After a few minutes, instead of background music, a menu started. I waited. Eventually I was taken to a USA office, who scolded me for calling the US instead of Canada, transferred my call supposedly to the Canada office, but I wound up again with a US tech, who scolded me again, and transferred my call. This time it went to Canada, but the person was in the commercial division and scolded for calling him instead of the home division. He transferred me.

I finally got to talk to a person in the same office as my original caller, but he not let me talk to the original technician. He wanted me to go through the whole story again, and kept telling that my DVD drive was okay, and that my disks were faulty. I told him that I loaded the programs on the two disks to my laptop, so there was nothing wrong with them. This had to be repeated several times. He didn’t believe me. Further, he mumbled a lot, and when I asked him to repeat something, he told me that I needed to turn off my speaker phone and then I could hear him. He would not repeat anything he said.

To make a three-hour long story short, they finally decided to send a tech to my house to replace the drive. However, they are not going to put in a drive that will read multi-layers. They will replace the one that I have with the same thing. It will not read these two program disks either, but they would not listen and said, “After we are done, you will be happy.”

I already know that I need an updated DVD driver. I just wanted to find out if my system will support it. No one ever answered that question and I didn’t get to talk again to the savvy tech who knew what I wanted and went to find my answer.

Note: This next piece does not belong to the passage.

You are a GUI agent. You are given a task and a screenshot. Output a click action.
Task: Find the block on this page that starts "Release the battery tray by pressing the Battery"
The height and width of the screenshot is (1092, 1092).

After all of this was over, I remembered my confession a few days ago concerning lack of patience. I also thought about the only way that God builds patience — it is through trials. Then I also remembered the verse I’ve been reading the past few mornings:

. . . being confident of this very thing, that He who has begun a good work in you will complete it until the day of Jesus Christ. (Philippians 1:6)
Today I also remember the verse that says, “though He was a Son, yet He learned obedience by the things which He suffered” (Hebrews 5:8) and I chafe a bit. I’d rather just be obedient and skip the suffering part.  Yesterday’s three hours plus telephone tag and talking to a person who was more like a recording isn’t huge on the list of painful events, but it was a test of obedience. Would I be like Jesus? Or not? Sigh.

God, some days, patience isn’t my first priority. Some days I just want people to listen to what I am telling them and believe what I say. (I’m sure that You do too.) Some days I wish PC tech people would drop their “check list” and pay attention to what the customers are saying. We know a few things too. However, You know that my patience-development is not yet completed. This was all about what I need, not what I want. You have begun the work of making me a patient person, but here I am wishing you could just zap me with a big dose of it instead of having to go through the only process that works.